Faut arrêter avec l’open data !
Après les États-Unis la semaine dernière, Avis informe ses clients français d’une fuite de données les concernant. En plus des informations personnelles « traditionnelles » on retrouve des données bancaires avec le « numéro de carte de crédit et/ou date d’expiration ».

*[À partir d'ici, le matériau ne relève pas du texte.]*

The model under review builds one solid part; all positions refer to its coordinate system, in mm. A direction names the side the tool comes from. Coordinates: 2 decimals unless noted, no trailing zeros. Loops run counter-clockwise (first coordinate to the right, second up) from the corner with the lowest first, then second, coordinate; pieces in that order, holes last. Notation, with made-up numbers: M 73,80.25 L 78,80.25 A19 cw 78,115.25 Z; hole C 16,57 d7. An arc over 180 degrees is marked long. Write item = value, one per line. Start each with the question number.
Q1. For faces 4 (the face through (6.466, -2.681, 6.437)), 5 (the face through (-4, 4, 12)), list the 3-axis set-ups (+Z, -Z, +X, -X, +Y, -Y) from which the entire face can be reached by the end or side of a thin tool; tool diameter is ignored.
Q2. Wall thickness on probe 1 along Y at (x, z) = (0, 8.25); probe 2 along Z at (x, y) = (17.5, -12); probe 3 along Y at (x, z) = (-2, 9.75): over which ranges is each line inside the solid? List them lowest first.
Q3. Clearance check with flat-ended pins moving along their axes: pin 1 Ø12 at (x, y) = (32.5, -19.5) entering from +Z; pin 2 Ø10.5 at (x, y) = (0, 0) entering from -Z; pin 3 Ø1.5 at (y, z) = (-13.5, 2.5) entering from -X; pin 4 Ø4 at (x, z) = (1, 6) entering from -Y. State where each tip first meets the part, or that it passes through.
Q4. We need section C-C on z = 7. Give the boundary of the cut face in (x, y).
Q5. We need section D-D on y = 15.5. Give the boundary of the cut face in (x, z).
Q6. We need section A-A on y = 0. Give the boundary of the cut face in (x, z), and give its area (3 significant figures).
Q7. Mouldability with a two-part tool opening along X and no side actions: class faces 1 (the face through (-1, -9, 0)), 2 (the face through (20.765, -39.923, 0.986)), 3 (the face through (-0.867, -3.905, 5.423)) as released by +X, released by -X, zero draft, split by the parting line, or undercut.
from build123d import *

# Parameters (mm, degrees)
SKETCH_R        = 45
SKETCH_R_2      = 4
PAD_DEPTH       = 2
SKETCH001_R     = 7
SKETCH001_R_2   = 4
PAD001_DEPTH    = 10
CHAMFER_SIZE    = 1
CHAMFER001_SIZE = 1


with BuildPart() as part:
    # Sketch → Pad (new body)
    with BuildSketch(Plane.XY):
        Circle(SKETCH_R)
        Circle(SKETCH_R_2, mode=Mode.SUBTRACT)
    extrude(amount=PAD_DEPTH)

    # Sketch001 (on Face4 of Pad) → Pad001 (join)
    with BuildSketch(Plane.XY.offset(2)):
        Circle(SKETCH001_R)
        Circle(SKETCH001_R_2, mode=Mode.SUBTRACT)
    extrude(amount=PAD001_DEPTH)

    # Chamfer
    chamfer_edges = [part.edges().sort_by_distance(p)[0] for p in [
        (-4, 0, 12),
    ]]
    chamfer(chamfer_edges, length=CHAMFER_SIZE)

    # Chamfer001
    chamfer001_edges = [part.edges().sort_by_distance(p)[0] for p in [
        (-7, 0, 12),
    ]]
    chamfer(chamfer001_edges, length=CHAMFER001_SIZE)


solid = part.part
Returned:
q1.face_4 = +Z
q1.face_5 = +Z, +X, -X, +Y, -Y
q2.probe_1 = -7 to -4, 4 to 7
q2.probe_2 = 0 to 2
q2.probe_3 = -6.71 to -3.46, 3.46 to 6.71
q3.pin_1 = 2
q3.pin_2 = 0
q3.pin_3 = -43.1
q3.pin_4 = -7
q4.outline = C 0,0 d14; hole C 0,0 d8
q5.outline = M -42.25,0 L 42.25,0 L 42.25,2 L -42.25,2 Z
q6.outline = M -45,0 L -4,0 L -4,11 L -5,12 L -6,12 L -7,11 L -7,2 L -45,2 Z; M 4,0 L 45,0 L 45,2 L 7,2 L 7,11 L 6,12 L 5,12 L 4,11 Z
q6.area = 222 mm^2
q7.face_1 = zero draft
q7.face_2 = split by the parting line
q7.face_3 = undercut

La semaine dernière, plusieurs entreprises ont annoncé à tour de rôle avoir été victime d’une cyberattaque ayant entraîné le vol de de données personnelles : Boulanger, Cultura, DiviaMobilités, Truffaut, Cybertek et Grosbill ainsi que Assurance Retraite. Plusieurs mettent en cause un prestataire externe, mais sans en donner le nom.
Truffaut se « démarque » car l’entreprise ne détaille pas les données personnelles concernées et refuse de nous préciser combien de clients sont concernés.
Un accès non autorisé entre les 3 et 6 août 2024
Voilà qu’une autre entreprise vient se joindre à la fête : Avis. Dans un email envoyé ce week-end à certains clients (dont nous avons eu une copie), le loueur de voiture explique avoir « découvert le 5 août 2024 (heure de l’Est) qu’un tiers non autorisé avait accédé à l’une de nos applications professionnelles […] Sur la base de notre enquête, nous avons déterminé que l’accès non autorisé a eu lieu entre le 3 août 2024 et le 6 août 2024 (heure de l’Est) ». L’accès non autorisé a évidemment été coupé.
Avis détaille l’étendue des dégâts : « Nous avons constaté le 14 août 2024 que le tiers non autorisé avait obtenu vos données à caractère personnel, à savoir votre nom et votre Adresse postale, Numéro de téléphone, et Numéro de carte de crédit et/ou date d’expiration ».
Le code CVV ne fait visiblement pas partie de la fuite, une « bonne » nouvelle. Mais comme toujours, soyez prudent et vérifiez vos relevés de compte. Dans les précédentes fuites, les données bancaires n’étaient pas de la partie, sauf chez DiviaMobilités avec l’IBAN.
Avis « offre » un an d’accès à l’outil Equifax WebDefend
Avis annonce dans son email que le client peut s’inscrire « au service de surveillance de l’identité que nous vous proposons, à savoir un abonnement gratuit d’un an à Equifax WebDefend ». Il faut s’inscrire avant le 31 décembre 2024 pour bénéficier de ce service, via un « code promotionnel unique » donné dans l’email (en annexe, en dessous du message principal).
Cet outil propose deux approches : « L’analyse Internet Equifax WebDetect vous avertit si vos informations se trouvent sur des sites Web utilisés par des fraudeurs » et « Social Scan recherche les sites de réseaux sociaux et signale les risques de fraude liés aux informations que vous pourriez partager ».
300 000 clients aux États-Unis
La fuite d’Avis date donc du mois d’août, mais la société avait déjà prévenu ses clients et les autorités aux États-Unis. On trouve d’ailleurs un bulletin d’alerte sur le site du procureur général de Californie et celui du Maine depuis le début du mois. Il est question d’une fuite sur 299 006 clients.
Nous avons contacté Avis pour savoir pourquoi il y avait une telle latence entre les clients aux États-Unis et ceux en France ? En effet, un des clients d’Avis ayant reçu l’email nous confirme avoir « été client en France uniquement ». Nous avons également demandé combien de personnes en France étaient concernées.
Pour rappel, une société américaine – Slim CD, une plateforme de paiement en ligne – a également été victime d’une fuite de données, là encore avec nom, adresse de clients mais aussi numéro de carte de crédit et date d’expiration. Les deux vols ne sont a priori pas liés puisque dans le cas de Slim CD les pirates ont pu consulter et obtenir les informations entre le 14 et le 15 juin 2024.